L’opacité est totale. Qui tire les ficelles ? Les agents sont doubles, triples. Les assassinats obéissent à différents motifs. Sans prendre partie, l’auteure nous permet de comprendre les ressorts de cette période troublée.

Pour lutter contre tous les stéréotypes de cette période.

Nicolas Béniès.

« Le quadrille des maudits », Guillaume Prévost, 10/18, Grands détectives ; « Film noir à Odessa », William Ryan, traduit par Jean Esch, 10/18, Grands détectives ; « Opération Cyclope », Claude d’Abzac, Folio/Policier.

Un polar en forme de farce.

Donald Westlake nous a quittés le 31 décembre 2008 – il avait 75 ans. D’aucuns pensent qu’il l’a fait exprès pour gâcher le réveillon de ses amis et de ses proches et un peu de ses nombreux lecteurs.

Son œuvre est prolifique.

Rivages a décidé de la rééditer en faisant réviser la traduction. Il est donc nécessaire de le relire. Our le redécouvrir.

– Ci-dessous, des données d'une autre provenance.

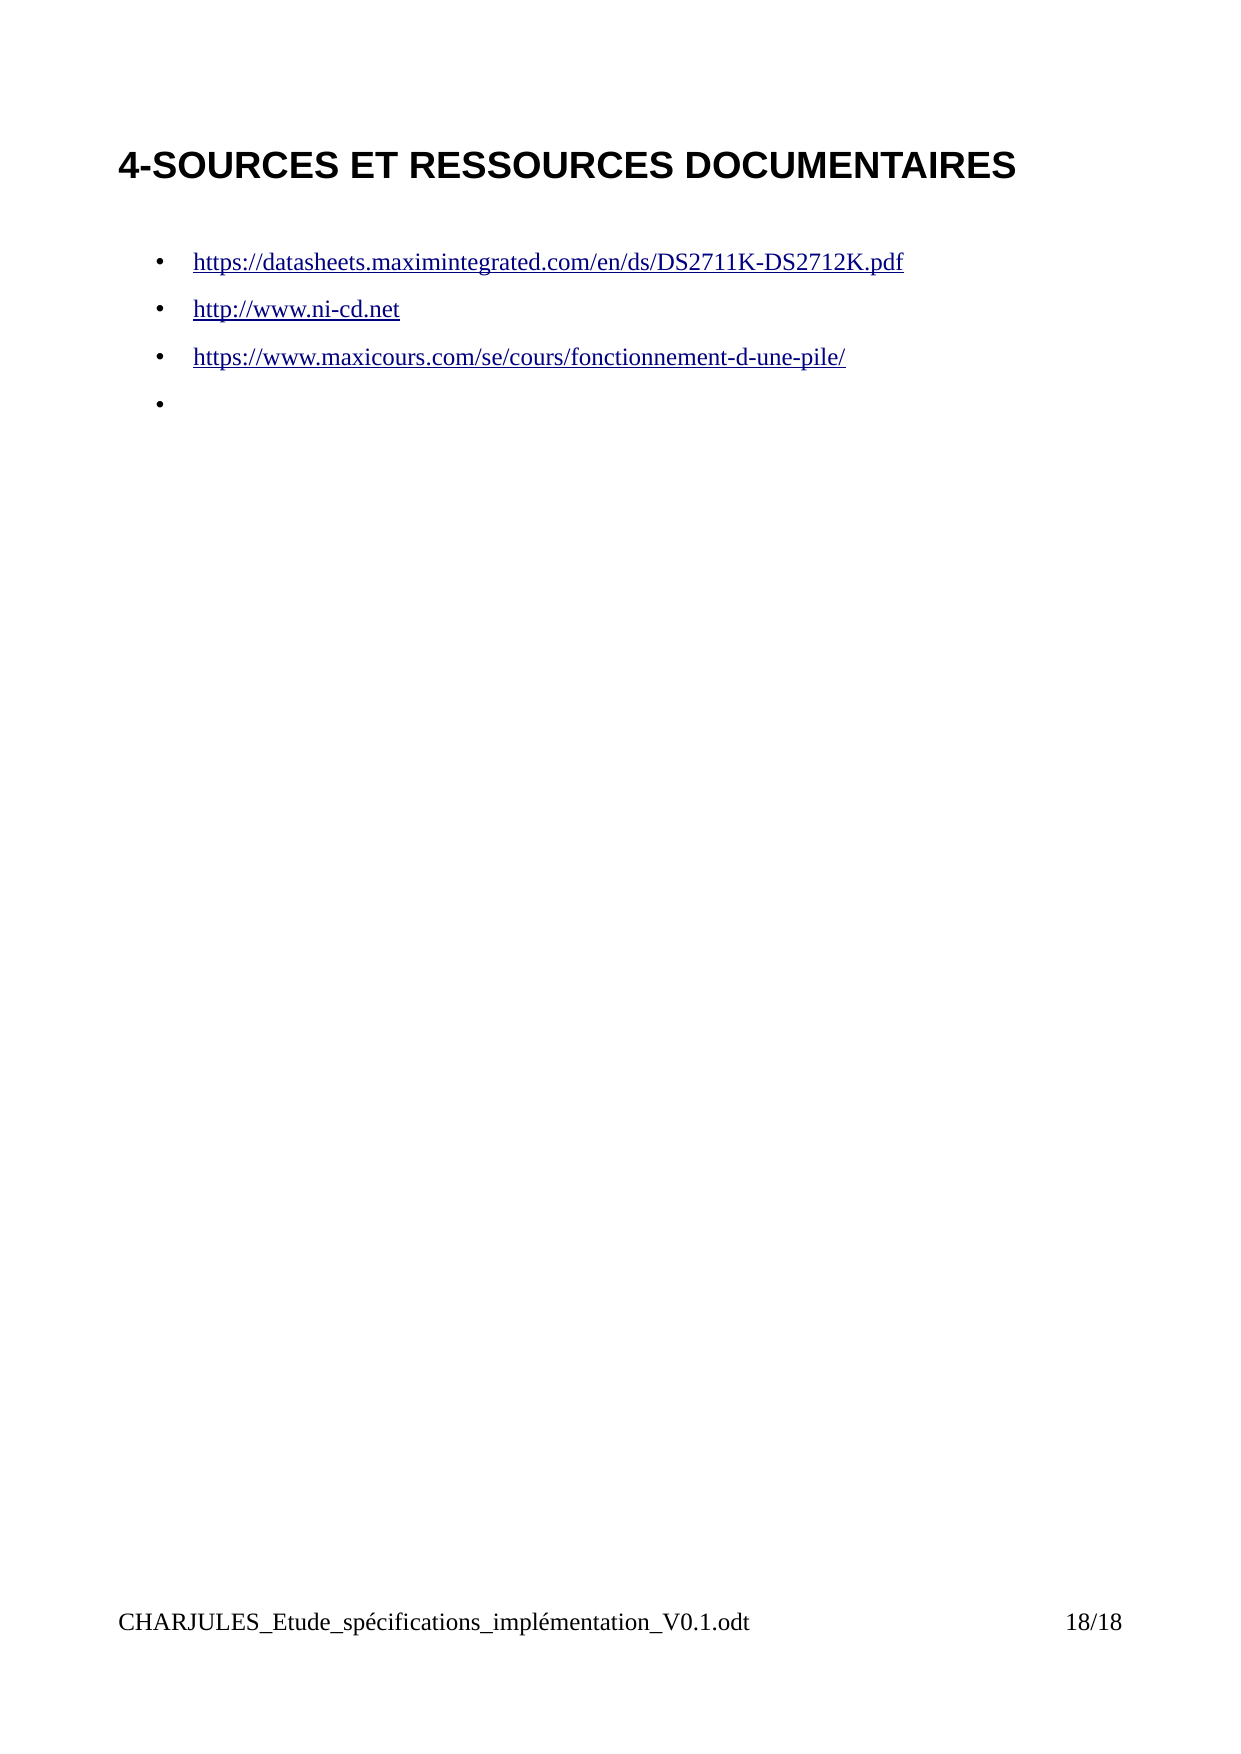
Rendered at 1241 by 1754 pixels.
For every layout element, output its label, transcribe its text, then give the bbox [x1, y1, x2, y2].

« On aime et on meurt comme ça » – sous-entendu pour rien, pour une chiquenaude -, il se sert d’un gimmick, un policier exclut de la police parce qu’il était avec sa maîtresse au moment d’une opération qui s’est traduite par la mort de son coéquipier, pour nous faire accepter une enquête au sein de la mafia. Rembek demande à Mitch Tobin – je ne pense pas que l’économiste ait quelque chose à voir avec cette histoire mais aller savoir… – de retrouver le meurtrier de sa maîtresse, une jeune femme, Rita Castle.

Les dialogues permettent à la fois de suivre l’action et de comprendre les embarras réciproques des deux protagonistes obligés de travailler ensemble.

La fin est un peu convenue et se laisse deviner mais elle fait partie de la farce. Quand les raisons d’un meurtre sont les mêmes pour un mafioso que pour n’importe qui d’autre…

Nicolas Béniès.

« On aime et on meurt comme ça », Donald Westlake, traduit par Maj Elfvik révisée par Marc Boulet, Rivages/Noir.